Весной 1919-го на Украине, как еще раньше в России, возникло убеждение, что коммунисты — это не большевики, а совсем другая, враждебная трудовому народу партия. Это и неудивительно. Большевики отдали селянам панскую землю, коммунисты забирали и землю, и хлеб. Большевики распустили армию и прекратили надоевшую, бессмысленную войну, а коммунисты начинали теперь новую войну.
Руководство большевиков действительно готовило «освободительный» поход в Европу. Общегерманская революция не удалась, но в апреле началась революция в Баварии. Баварская Советская Республика просуществовала около месяца. За нее сражался и русский батальон, одетый в немецкую форму, причем после разгрома республики «русские все без исключения были замучены»5. Два русских батальона сражались за Венгерскую Советскую Республику, которая оказалась гораздо жизнеспособнее Баварской. Главная опасность для Венгерской Советской Республики исходила из соседней Румынии, но в тылу у Румынии стояла Украинская советская армия. Она и должна была выступить в освободительный поход, на помощь Венгерской красной армии.

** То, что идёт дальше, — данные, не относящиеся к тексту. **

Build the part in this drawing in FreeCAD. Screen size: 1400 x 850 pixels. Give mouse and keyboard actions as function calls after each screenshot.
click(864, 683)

Известие о новой войне с Румынией во имя интересов советской Венгрии возмутило бойцов, и без того уставших от нескончаемой (с 1914 года) войны. Защищать свою землю — другое дело, бороться против белогвардейцев или интервентов — это понятно, но цели и задачи румынско-венгерского похода было объяснить не так легко. «Коммуния всюду встречает ненависть», — замечал Короленко. Он же обратил внимание на неожиданное возрождение народной религиозности. Давно ли мужики сами оскверняли церкви, грабили и убивали попов. А весной 1919-го храмы были полны народу. Большевистский запрет на крестные ходы вызвал возмущение6. И сами священники «подтянулись», «явилась ревность к гонимой вере»7. Церковь была отделена от государства, уже второй год Закон Божий не преподавали в школах. И тогда священники решили устраивать уроки при храмах. Боялись, что никто не придет. Но классы оказались переполнены: «...мы увидели веселые группы детишек, поднимавшихся по лестнице вверх, — вспоминал Короленко. — Мою Сонечку так и потянуло за ними. Входим. Дети сидят на партах в часовенке, обращенной в класс Закона Божия. <...> На лестнице встречаю священника. Он идет, окруженный гурьбой девочек и мальчиков»8.

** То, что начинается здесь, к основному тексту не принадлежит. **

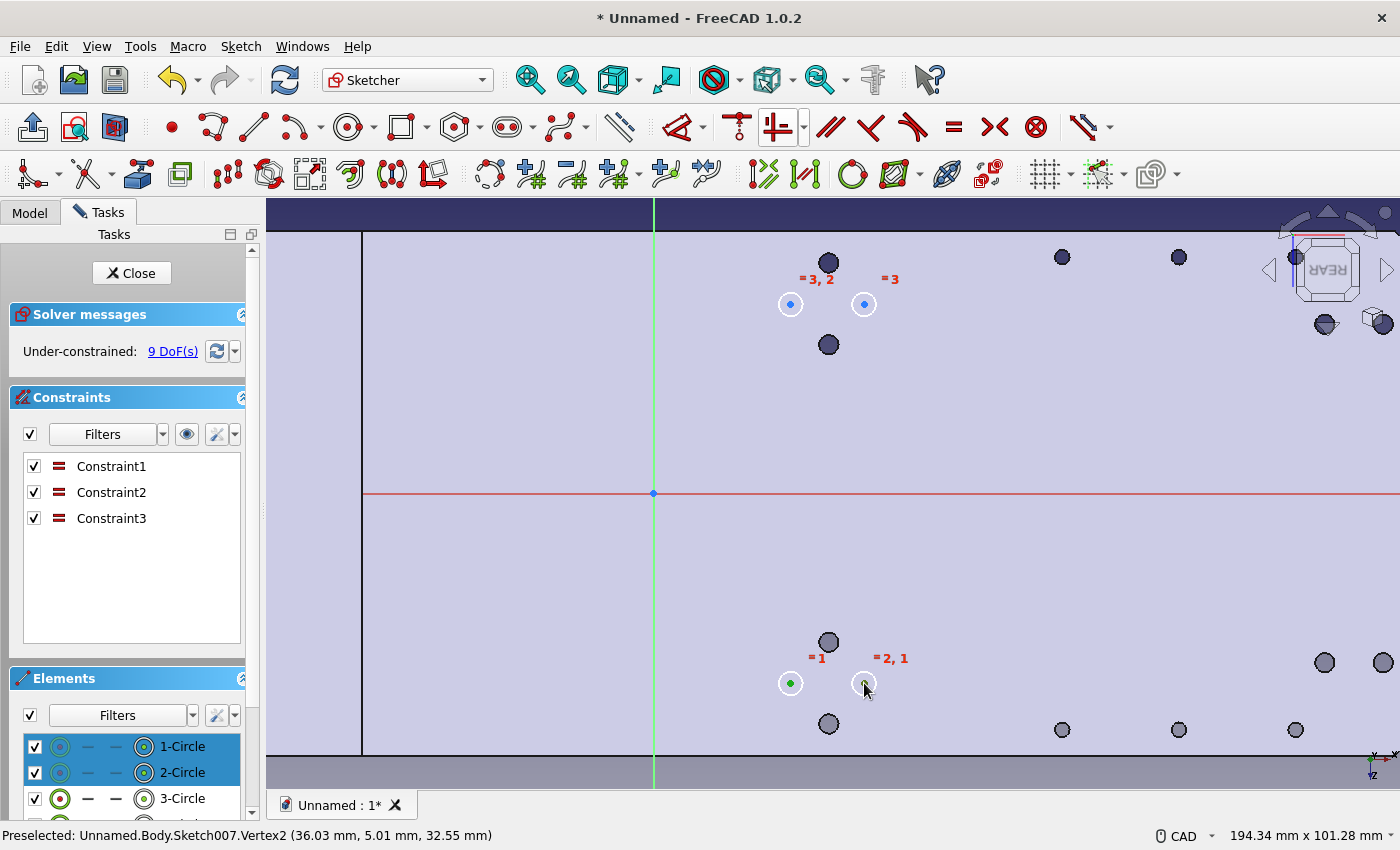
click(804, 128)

Не только богомольные крестьяне, но и немногочисленные еще местные украинские коммунисты-националисты были возмущены новыми порядками: «Мы ждали великого, заслуженного, оплаченного кровью и страданиями миллионов будущего, — писала в своем праздничном, первомайском выпуске газета "Червоний прапор". — Мы ждали настоящей весны для порабощенных и эксплуатируемых всего света. Проходят месяцы. Долгие, полные тревог месяцы, пережили мы <...> и сегодня, накануне рабочего праздника спрашиваем друг друга: куда мы идем? <...> Склонить ли свою несчастную голову, пасть на колени и шептать старую молитву покорности?»9
Эта газета была весьма популярна. За интересные репортажи из сельской жизни ее ценил даже Василий Шульгин, а Владимир Винниченко охотно цитировал «Червоний прапор»: «Самозванных правителей теперь развелось столько, что они терроризируют целые сёла, грабя и разоряя реквизициями и контрибуциями все добро и хозяйство трудящихся селян»10.

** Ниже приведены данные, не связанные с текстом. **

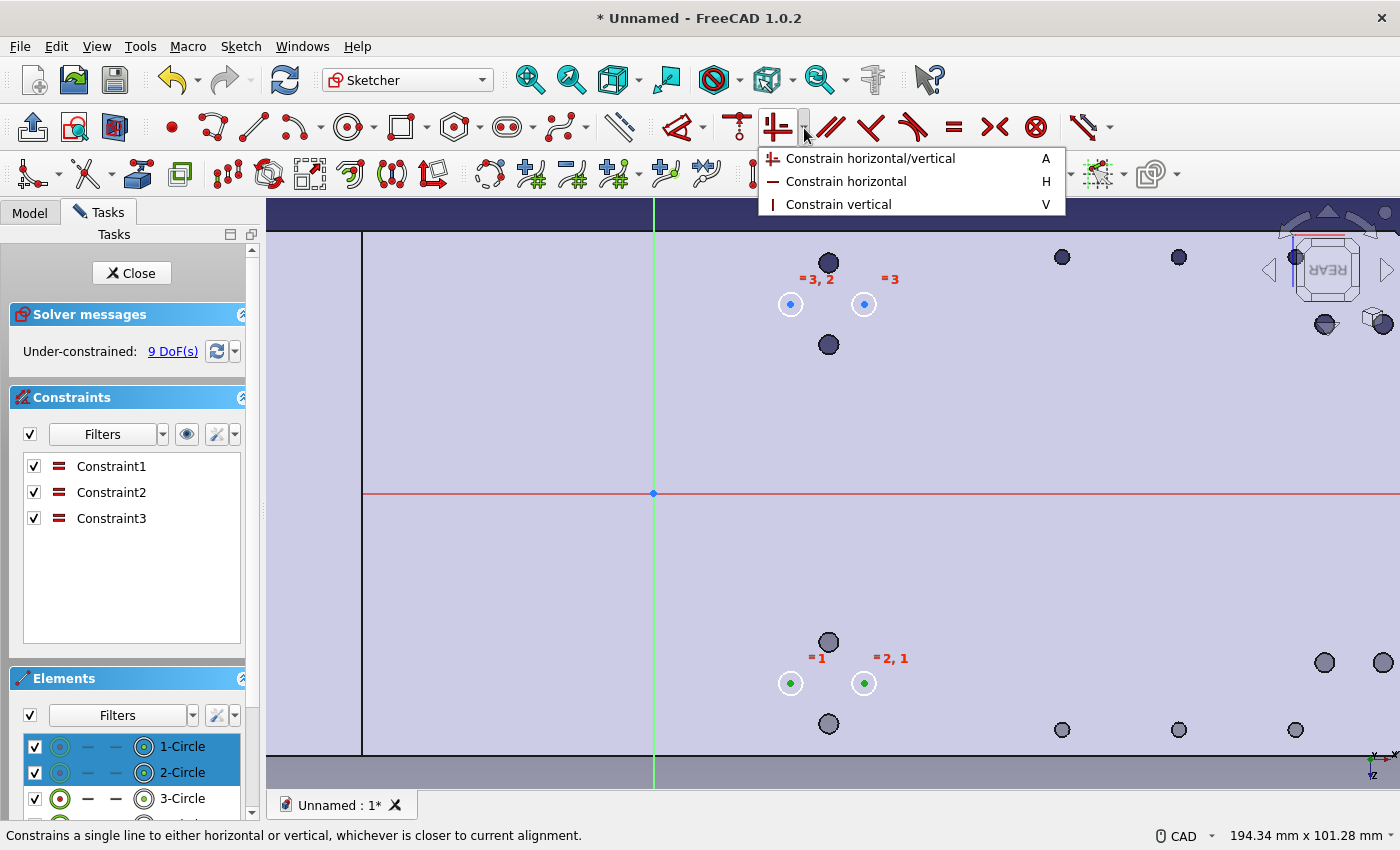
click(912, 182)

У селян реквизировали не только «излишки» зерна, но и припрятанные царские деньги (они были еще в цене), кадушки топлёного масла, холст, даже домашнюю птицу (она сразу шла на стол продотрядовцам). Однажды на такую реквизицию пригласили... Марину Цветаеву: «Так герцоги, в былые времена, приглашали на охоту». Дело было, правда, не на Украине, а на Тамбовщине11, куда Марина Ивановна приехала за мукой и пшеном для детей, голодавших в большевистской Москве: «Едемте с нами <...>, целый вагон муки привезете. Вам своими руками ничего делать не придется — даю вам честное слово коммуниста: даже самым маленьким пальчиком не пошевельнете!»12 Она не поехала, конечно, хотя прожила несколько дней рядом с продотрядовцами. О своем положении среди этих людей написала такими словами: «Я по самой середине сказки, mitten drinnen [изнутри (нем.).]. Разбойник, разбойникова жена — и я, разбойниковой жены служанка»13.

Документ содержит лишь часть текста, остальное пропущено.